Going back into work won't be just like it was before, if you are allowed back into your workplace. You will still have to follow social distancing guidelines, a limited number of people will be allowed in enclosed spaces like offices, and extra cleaning will need to be done.

Some offices are likely to implement a 'one-way’' system to prevent people from passing too closely next to each other, and there will be rules in place about using communal mugs and cutlery.

Some workplaces will require employees to wear a mask, while others won't. According to the Government guidance, "face coverings must be worn by retail, leisure and hospitality staff working in areas that are open to the public and where they're likely to come into contact with a member of the public." However, transport staff aren't required to wear masks, but are recommended to if they're unable to socially distance from passengers, for example.

The government has outlined guidance for all workplaces, which you can take a look at here.

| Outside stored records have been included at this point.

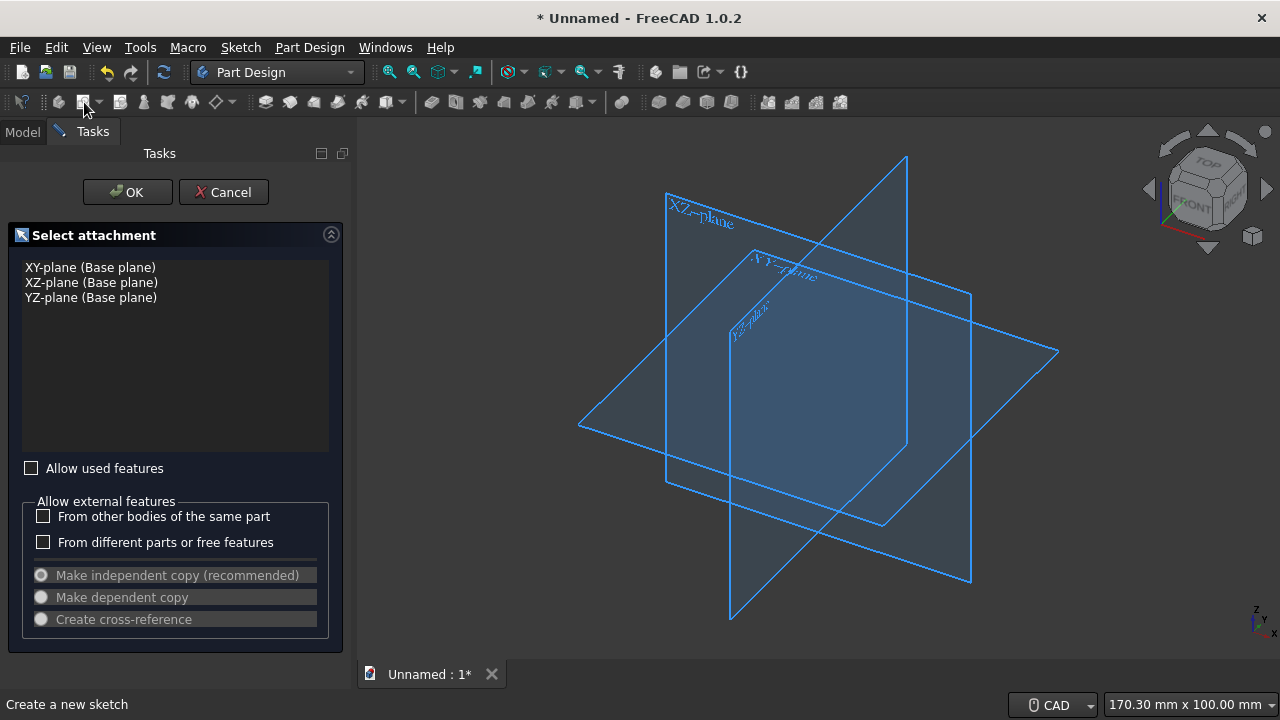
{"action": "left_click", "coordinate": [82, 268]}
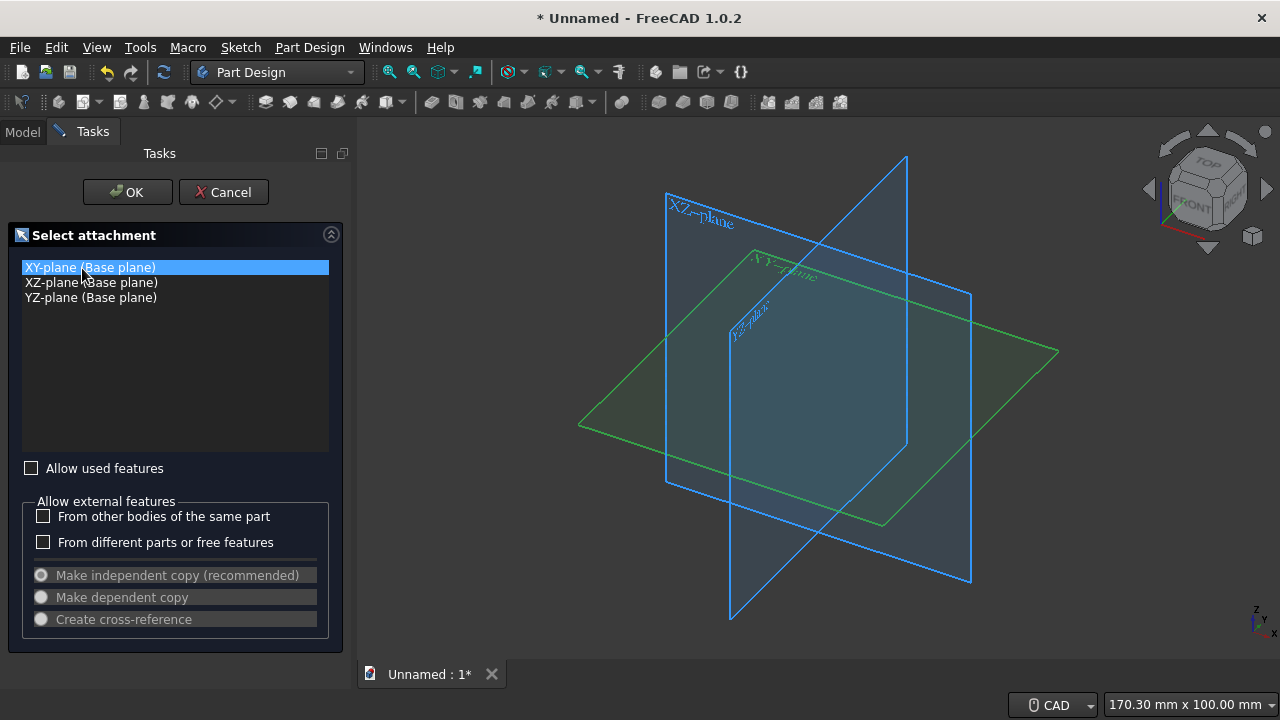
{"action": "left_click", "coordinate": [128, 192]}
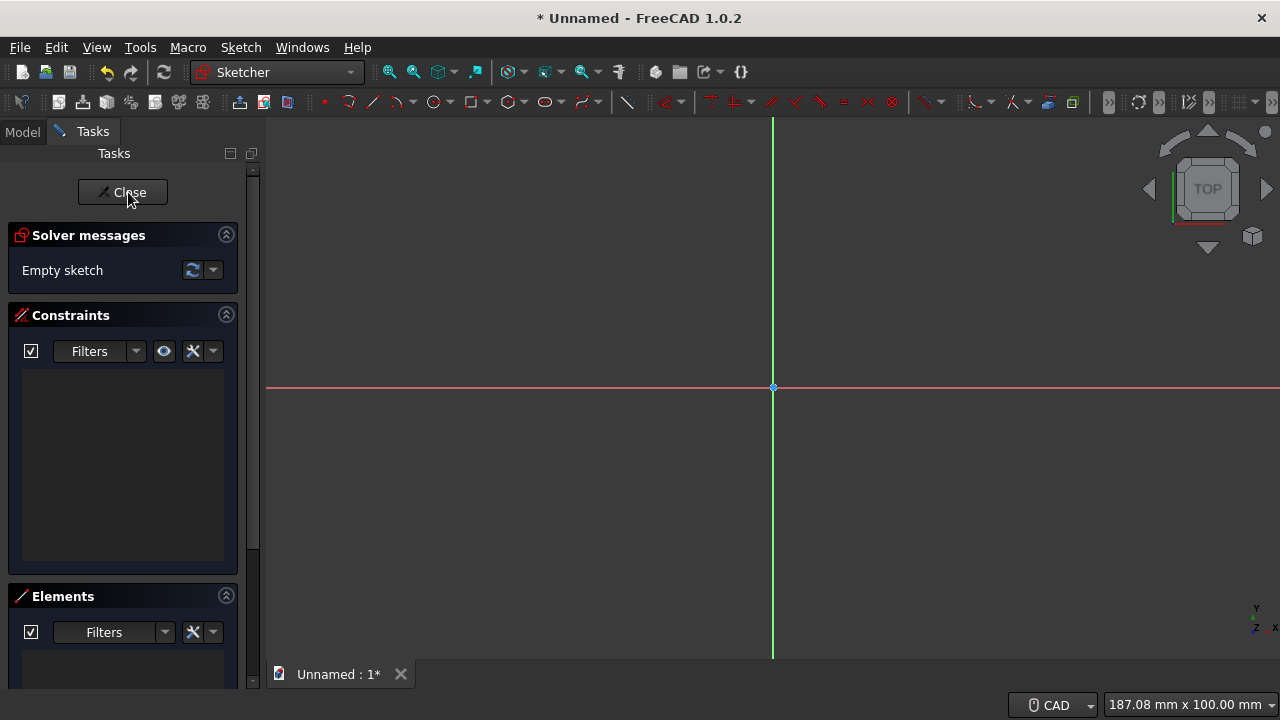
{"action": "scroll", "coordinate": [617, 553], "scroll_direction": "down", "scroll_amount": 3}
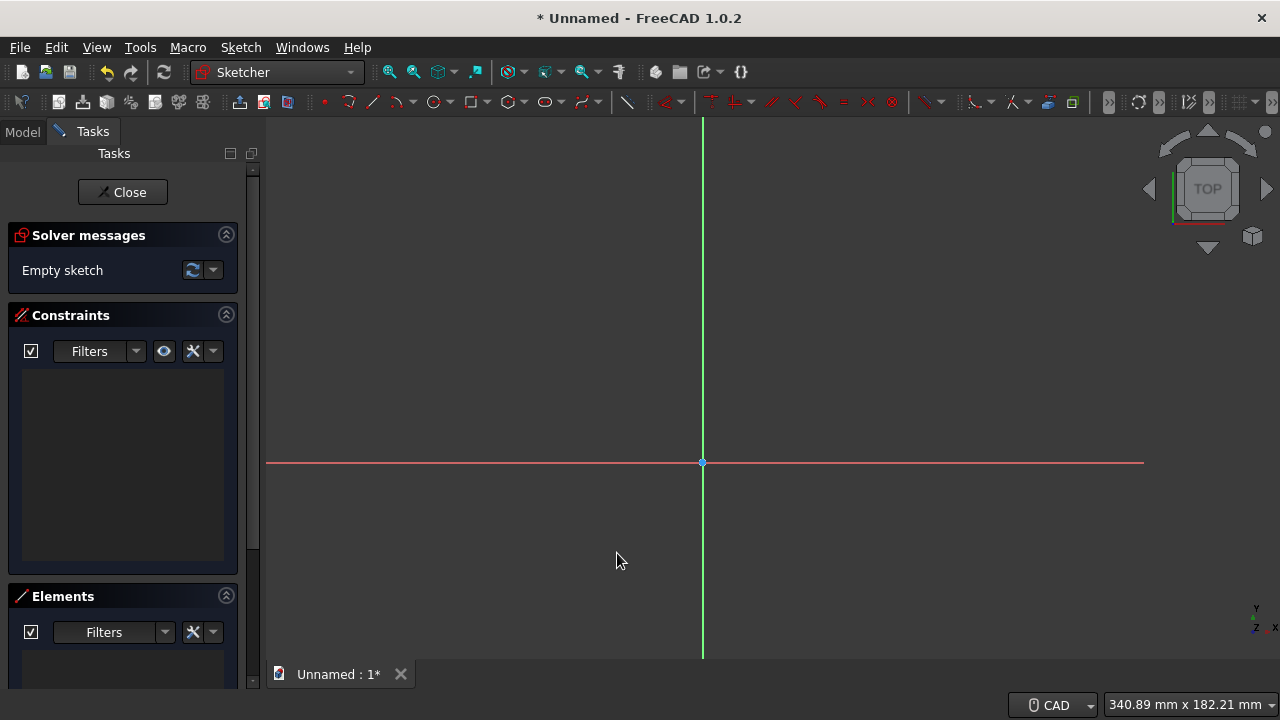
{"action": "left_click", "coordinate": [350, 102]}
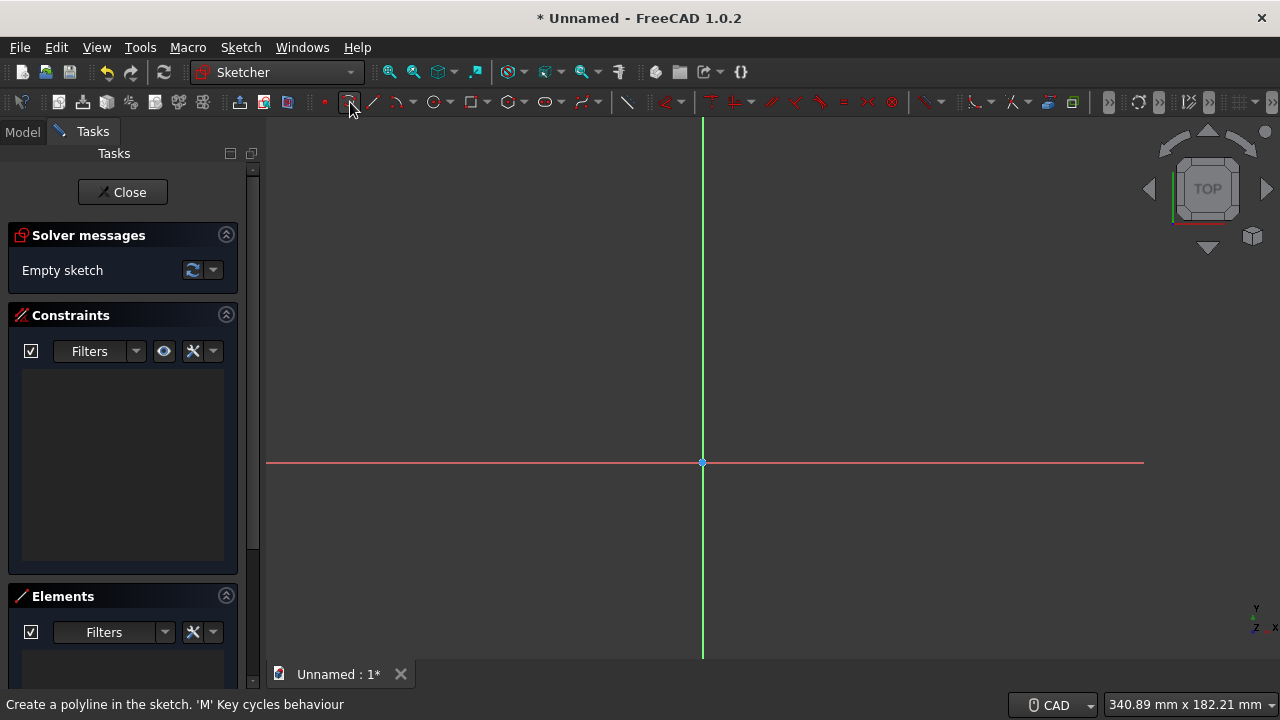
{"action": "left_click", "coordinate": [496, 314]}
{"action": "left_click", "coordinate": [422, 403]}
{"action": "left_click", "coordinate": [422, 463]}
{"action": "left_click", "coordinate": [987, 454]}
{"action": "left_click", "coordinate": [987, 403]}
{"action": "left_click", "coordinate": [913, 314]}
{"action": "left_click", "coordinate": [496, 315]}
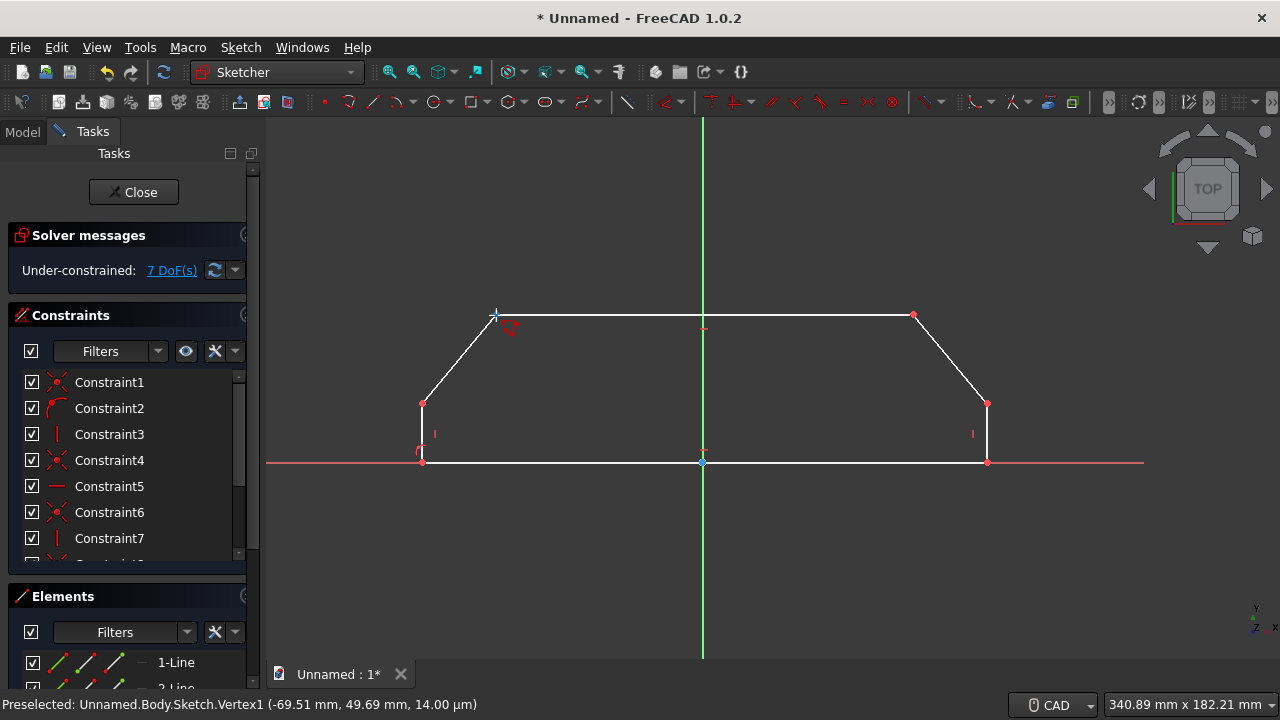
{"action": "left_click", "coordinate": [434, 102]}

"Minimising risk when returning to work is a case of continuing the actions we have become used to since the start of the pandemic," Dr Maggs says.

That includes (in England):

  • Remaining socially distanced at two metres, or one metre plus other precautions such as wearing a face coverings.

  • Washing your hands regularly and thoroughly for 20 seconds.

  • Wearing a face covering where social distancing is not possible.

Your employer's responsibilities

Maggs adds that employers should teach employees about the guidelines and provide as much support as possible.

"Ensure employees are shown and taught effective hand washing techniques," he suggests. "Explanations for the increased precautions that have been necessarily introduced in the workplace may also help with uptake and compliance. Many employers are putting in alcohol gel machines for hand washing, and temperature monitoring when entering the workplace."

If you have symptoms you should not go to work. Instead, you need to self-isolate and book a test.

Dr Chaudry says: "In general, all employees should be provided with a clean and hygienic workplace with the proper provision of hand sanitisers and face masks. Social distancing should be practiced by implementing multiple exits and entrances, reducing working hours where appropriate and by the use of signboards."

He adds that employers who require their workers to travel overseas should allow for self-isolation rules when they return.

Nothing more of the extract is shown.